Saved data entries
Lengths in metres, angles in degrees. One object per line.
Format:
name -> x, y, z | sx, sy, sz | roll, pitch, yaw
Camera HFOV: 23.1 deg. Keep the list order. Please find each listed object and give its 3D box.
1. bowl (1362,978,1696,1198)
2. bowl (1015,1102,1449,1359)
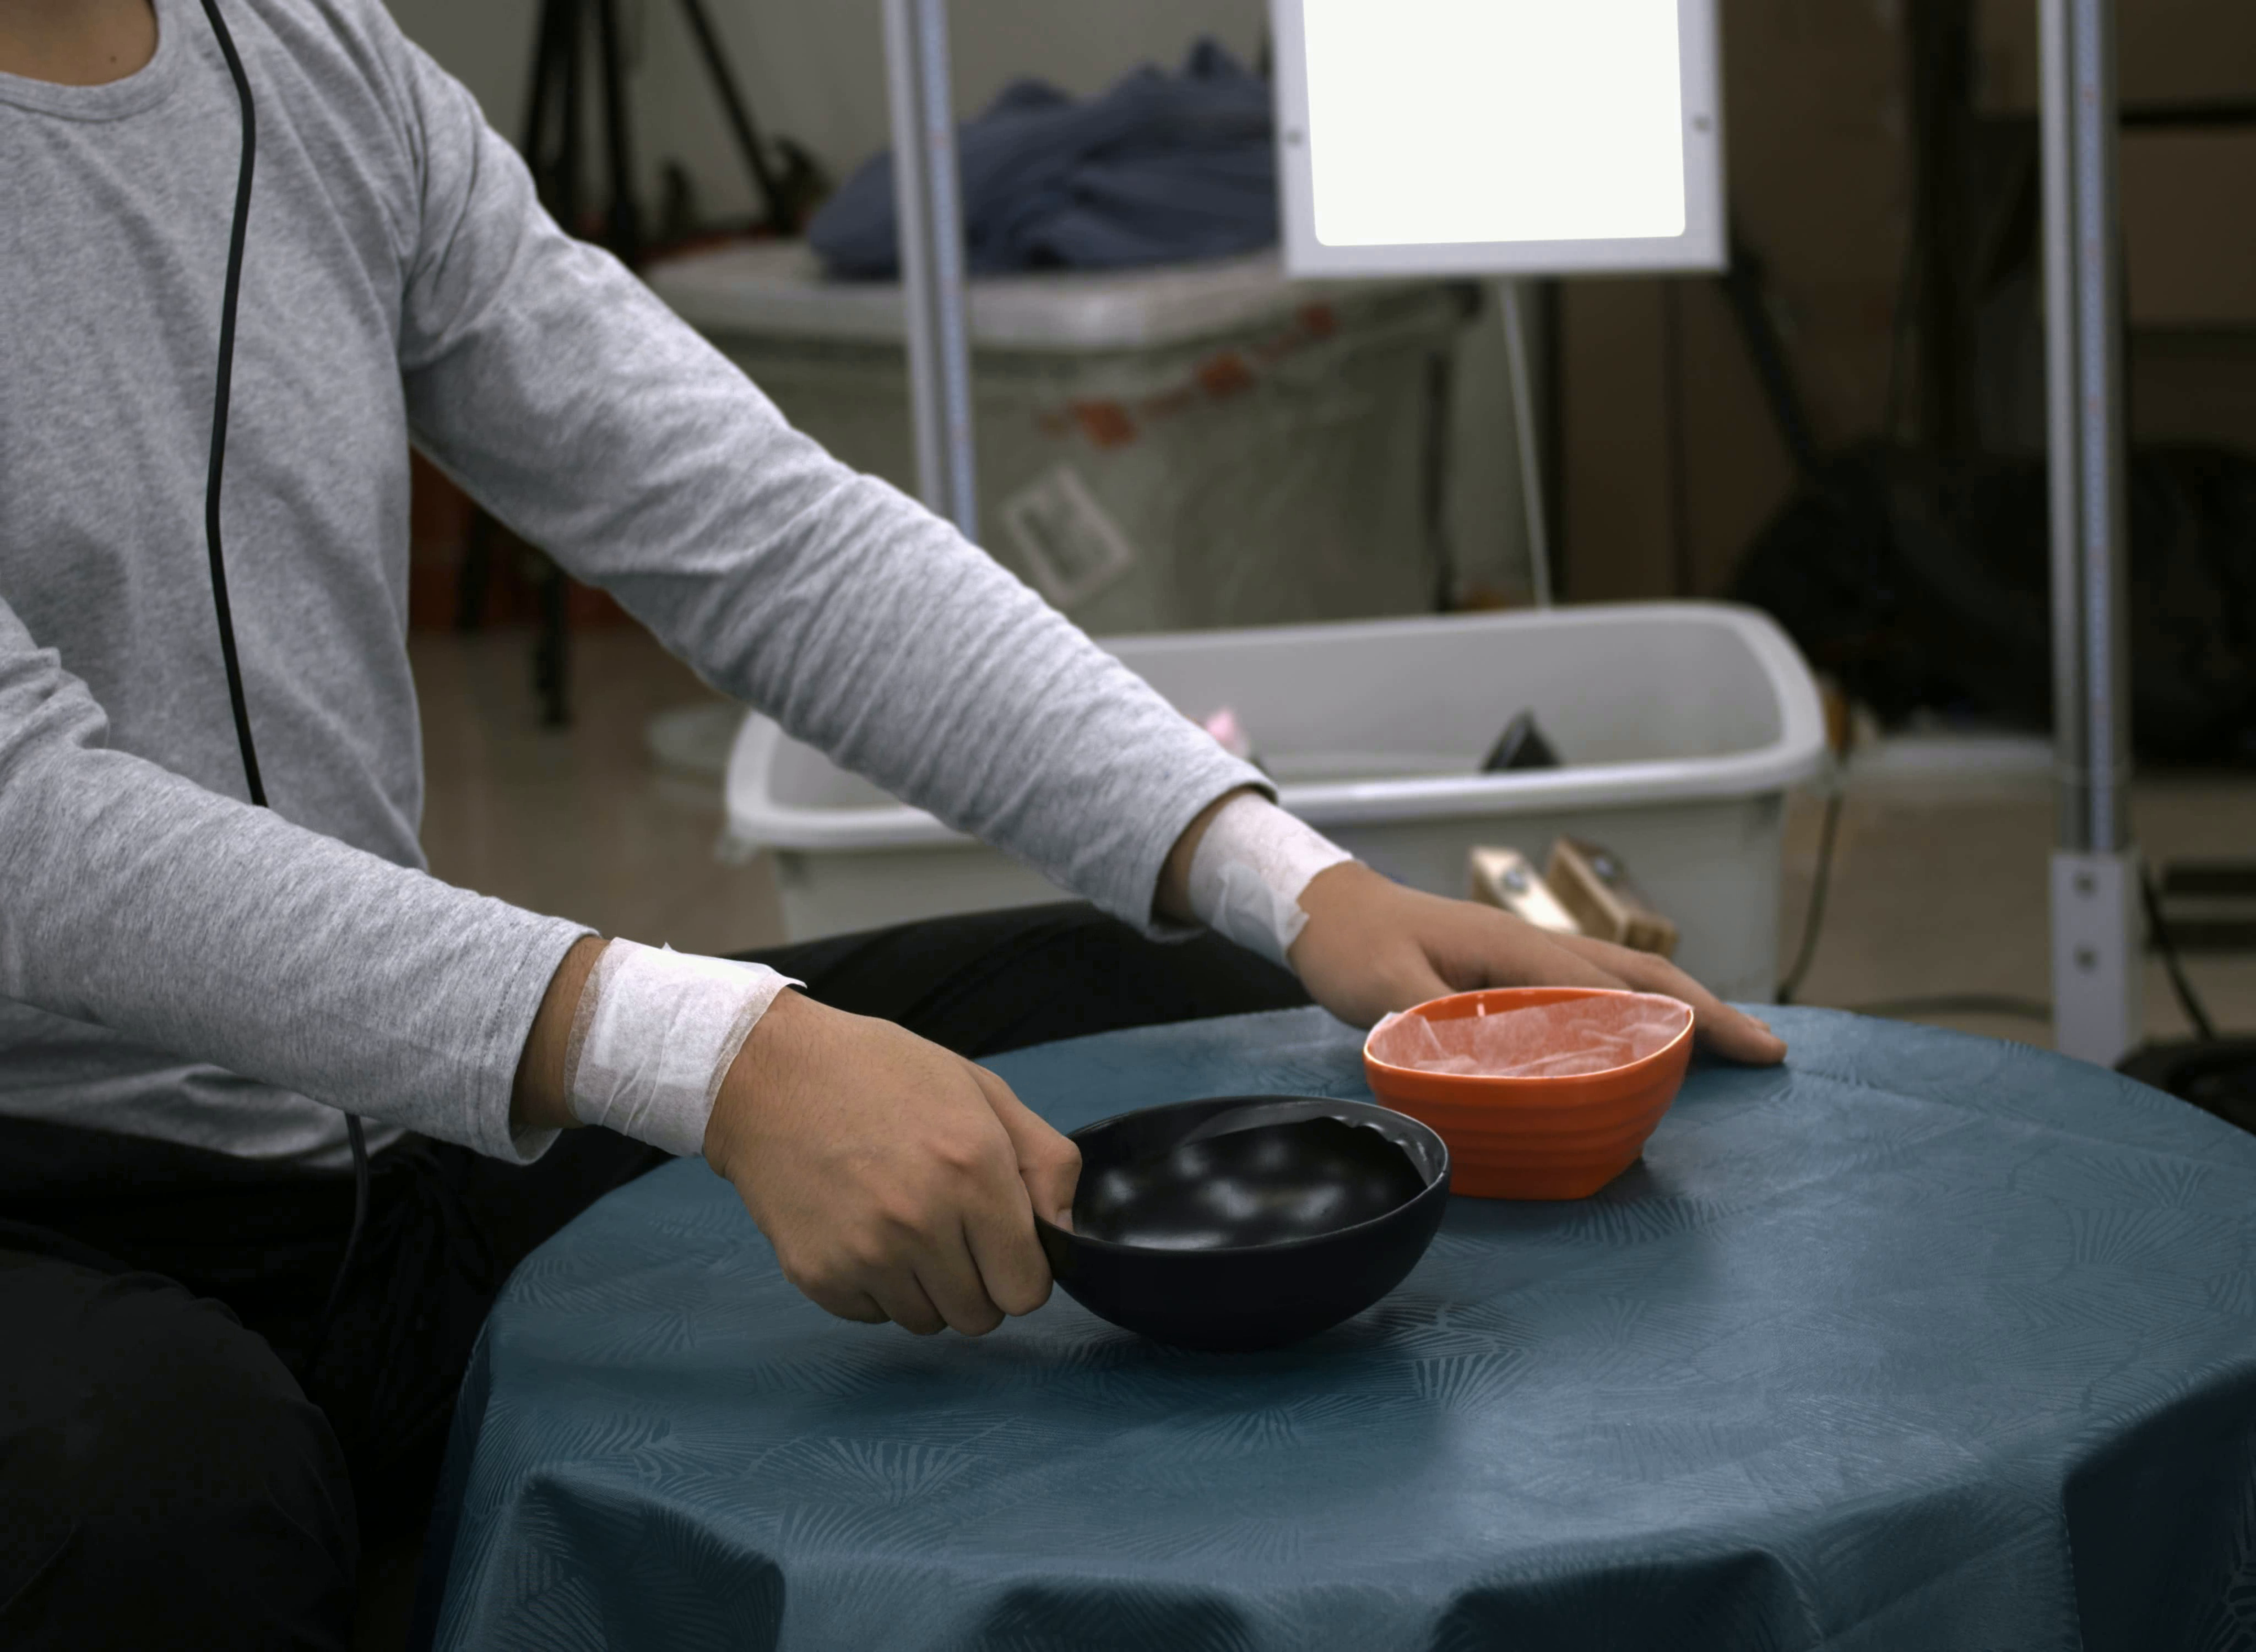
bowl -> 0.139, 0.092, 1.881 | 0.118, 0.051, 0.119 | -4, 16, 0
bowl -> 0.035, 0.133, 1.749 | 0.140, 0.050, 0.140 | -7, 16, 1

- _Activity_: Among the lines above, find those carrying the word "object" and copy them out.

- _Response to the task_:
Lengths in metres, angles in degrees. One object per line.
Camera HFOV: 23.1 deg. Keep the list order. Please find each listed object and give its 3D box.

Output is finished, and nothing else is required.